While refusing to denounce the rebellions, socialist thinker Alex Callinicos nevertheless suggests that such looting is a form of do-it-yourself consumerism… reflecting the intensive commodification of desires in the neoliberal era. This view misses the far more complex role of the commodity during a riot, which was as evident in Oakland as in Venezuela: not only is the looting of luxury consumer items far more complex than Callinicos suggests, but the argument of looting as consumerism would have a hard time explaining both the destruction of luxuries and appropriation of necessities that often ensues.

Referencing the attention to police misconduct engendered by the riots in Tottenham, Cicariello-Maher observes:

This isn’t the only time riots have worked, either: in 2009 Oakland, it was riots and only riots that led to the arrest, prosecution, and conviction of BART police officer Johannes Mehserle for the death of Oscar Grant.

UPDATE 1: lenin explains Starkey within the context of the racist right in the UK:

But this raises the question of what Starkey was trying to do. Clearly, he earnestly expressed his own views as a High Tory historian with a monarchist, nationalist bent. Yet, he evidently went farther than the political establishment, including the mainstream right, is prepared to go at the moment, and may well have gambled with his future television career. In fact, there would be a strong case for his being arrested and charged with incitement to racial hatred. There are two answers that make sense. The first is that is that the entire aggressively offensive performance was a calculated attempt to injure and smear the targets of its racialised invective. It was malice. And it was intended that racists should enjoy this degradation, uttered with relish as it was. The second is that the presentation, in its deliberately excessive way, invited the disgust and disorientation of the audience, such that, amid a generalised moral panic, he would recalibrate the scales of what is publicly acceptable in a radical way. The pathfinders of the racist right often seek the "chorus of execration", as Powell put it, revelling in the temporary ex-communication, enjoying the ambiguous status of the heretic and the prophetic. This is both because they expect to be vindicated, and because they can enjoy the spectacle of their execrators making use of the space of relative 'respectability' that their provocation has created.

INITIAL POST:

Why did British youth loot their neighborhoods after the killing of Mark Duggan? British historian David Sharkey has the answer. British society has been degraded by blacks and black culture, inducing whites to talk like illiterates and steal whatever strikes their fancy. Contrary to BBC claims to the contrary, the interviewer, Emily Maithis, allowed him to elaborate on his theories of racial contamination without criticism. Other participants in the panel discussion, Dreda Say Mitchell and Owen Jones, did challenge Sharkey, but in remarkably understated fashion. Personally, I think that they should have just walked out.

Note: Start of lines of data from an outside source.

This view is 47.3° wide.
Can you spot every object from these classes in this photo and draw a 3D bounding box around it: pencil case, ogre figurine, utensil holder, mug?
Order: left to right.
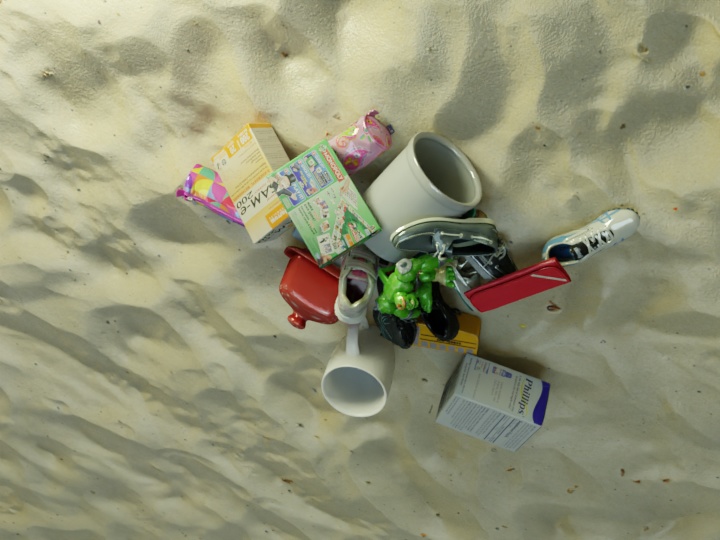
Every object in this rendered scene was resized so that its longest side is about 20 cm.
[{"bbox_3d":[-0.275,-0.144,1.709,0.199,0.089,0.089,23,128,-2],"label":"pencil case"},{"bbox_3d":[-0.032,-0.224,1.581,0.199,0.088,0.088,-31,112,31],"label":"pencil case"},{"bbox_3d":[0.002,0.188,1.805,0.146,0.176,0.201,0,125,16],"label":"mug"},{"bbox_3d":[0.098,0.030,1.567,0.119,0.099,0.200,-4,161,-30],"label":"ogre figurine"},{"bbox_3d":[0.103,-0.132,1.553,0.170,0.170,0.200,37,129,-11],"label":"utensil holder"}]

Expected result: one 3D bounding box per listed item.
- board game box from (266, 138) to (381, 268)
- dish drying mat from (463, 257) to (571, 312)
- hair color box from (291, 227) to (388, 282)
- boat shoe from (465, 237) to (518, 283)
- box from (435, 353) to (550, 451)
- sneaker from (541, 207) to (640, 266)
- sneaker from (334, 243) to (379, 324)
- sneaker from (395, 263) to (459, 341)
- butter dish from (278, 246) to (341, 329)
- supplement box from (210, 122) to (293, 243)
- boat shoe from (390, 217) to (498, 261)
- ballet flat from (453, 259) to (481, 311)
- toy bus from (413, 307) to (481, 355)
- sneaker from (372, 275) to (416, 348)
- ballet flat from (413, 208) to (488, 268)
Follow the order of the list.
[{"bbox_3d":[-0.068,-0.123,1.519,0.134,0.029,0.201,-31,80,2],"label":"board game box"},{"bbox_3d":[0.307,0.033,1.617,0.199,0.018,0.077,-23,134,29],"label":"dish drying mat"},{"bbox_3d":[-0.033,-0.061,1.685,0.199,0.099,0.061,34,126,-9],"label":"hair color box"},{"bbox_3d":[0.258,-0.039,1.631,0.199,0.074,0.068,45,140,-6],"label":"boat shoe"},{"bbox_3d":[0.288,0.292,1.807,0.198,0.106,0.184,21,150,2],"label":"box"},{"bbox_3d":[0.439,-0.054,1.566,0.199,0.073,0.072,-27,112,29],"label":"sneaker"},{"bbox_3d":[0.000,0.000,1.582,0.081,0.202,0.088,7,168,-6],"label":"sneaker"},{"bbox_3d":[0.137,0.055,1.693,0.076,0.091,0.201,-36,82,12],"label":"sneaker"},{"bbox_3d":[-0.099,0.053,1.710,0.199,0.149,0.199,32,172,-5],"label":"butter dish"},{"bbox_3d":[-0.193,-0.171,1.615,0.126,0.073,0.201,-34,79,33],"label":"supplement box"},{"bbox_3d":[0.154,-0.052,1.479,0.198,0.062,0.073,-5,150,-10],"label":"boat shoe"},{"bbox_3d":[0.205,-0.001,1.684,0.069,0.070,0.200,-27,110,31],"label":"ballet flat"},{"bbox_3d":[0.160,0.125,1.784,0.198,0.065,0.079,8,128,10],"label":"toy bus"},{"bbox_3d":[0.055,0.082,1.690,0.079,0.075,0.201,14,137,33],"label":"sneaker"},{"bbox_3d":[0.180,-0.045,1.594,0.072,0.068,0.200,38,128,-19],"label":"ballet flat"}]

Such gentle inquiry was in marked contrast to how another BBC interviewer, Fiona Armstrong, treated Darcus Howe when he sought to explain the social conditions associated with the riots, going so far as to assert he had participated in a riot himself:

It was so bad that the BBC was forced to issue an apology. Expect a more and more blatant recourse to racism and xenophobia to mask the sub-proletarianization of Europe as suggested by these BBC interviews.